傅洌細密熱烈的視線,瞬也不瞬地捉住這一張烘托在黑緞長髮內的天香國色,心,亂了。
到底在拿她如何呢?
這樣的一個人兒,妖精似的美貌,妖精似的性情,沒有章法,沒有秩序地闖進他冷寂枯靜的世界,攜了風,掀了浪,惹他動了心,萌了情,竟還想不沾衣衫不惹塵埃地退去,他,怎能由她?

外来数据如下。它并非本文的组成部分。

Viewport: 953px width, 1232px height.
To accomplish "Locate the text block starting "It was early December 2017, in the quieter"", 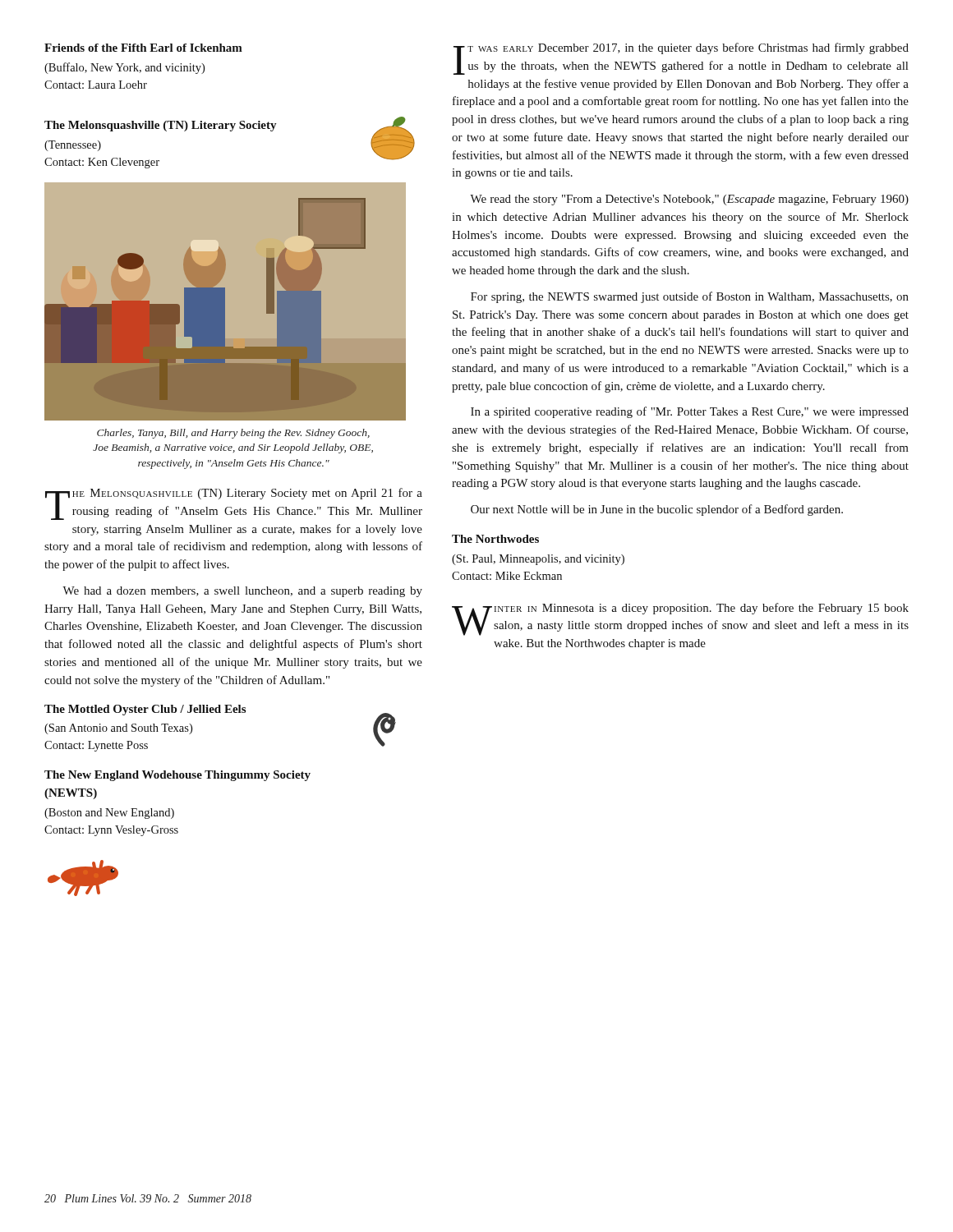I will click(680, 279).
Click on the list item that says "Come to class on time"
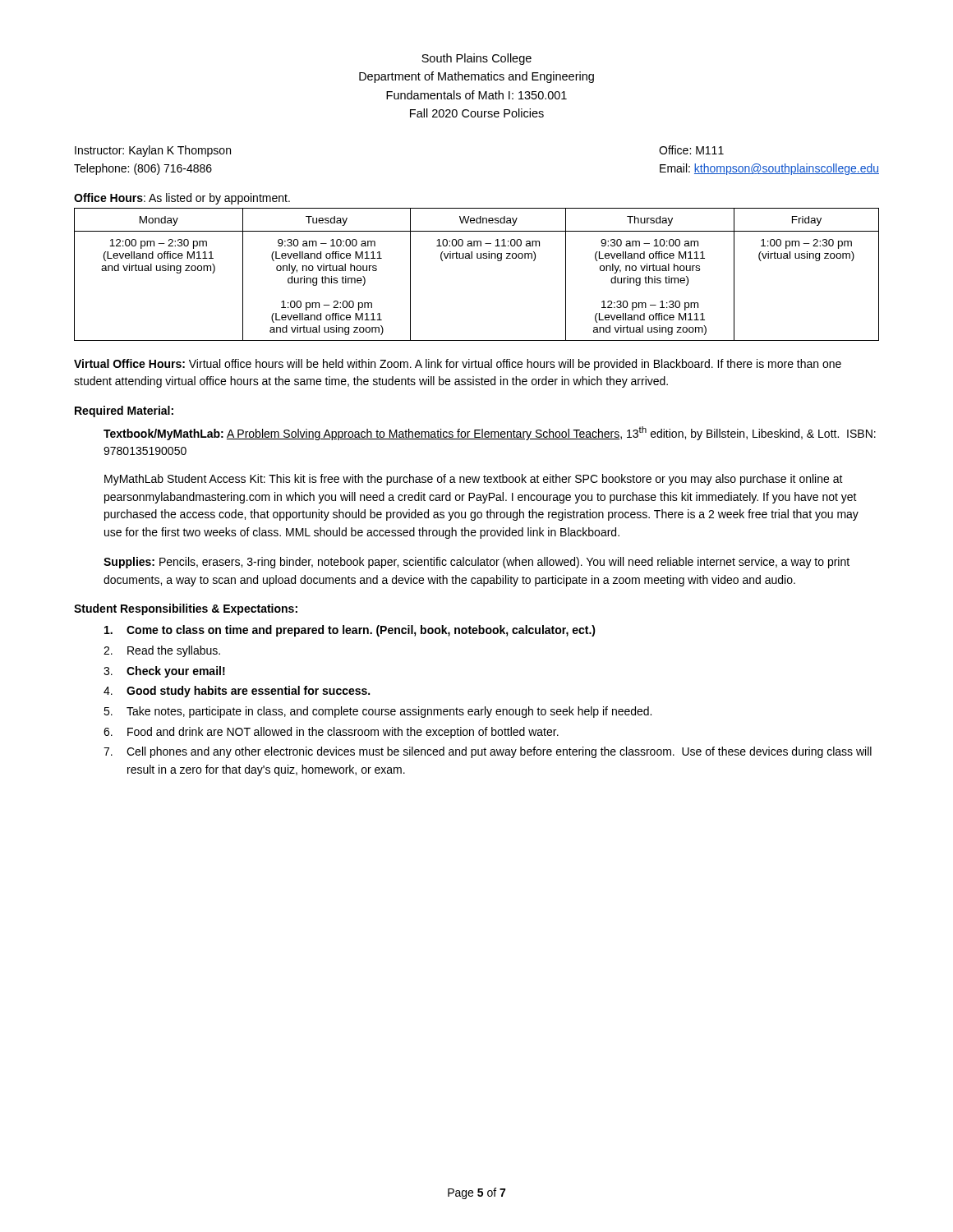Screen dimensions: 1232x953 pyautogui.click(x=491, y=631)

她是他人生的意外,動心不曾預料,萌情未在設想,但既動了萌了,她便要為他留下。
阿墨,你這一輩子,我要了。
一念至斯,恍覺指尖已在那精緻眉目鼻唇上巡迴捻摩多時。美妙細膩的觸感,長指一再留戀不去,原來,這便是“愛不釋手”?長臂舒伸,溫玉軟香盈抱懷來。愛不釋手啊,阿墨,你可知,你已讓本王釋不開了?
嗯……沉眠的諶墨似覺不適,微微掙著突來的圈囿。
夢中,也要推開我麼?傅洌微惱著,尤其記起她陷在別人男人臂彎的一幕,驟收緊了束縛的力道,兩片溫潤薄唇,輾轉而下,捉住了芙蓉面上的嫣嫩嬌蕊,舌尖如蛇,極盡輕憐蜜愛……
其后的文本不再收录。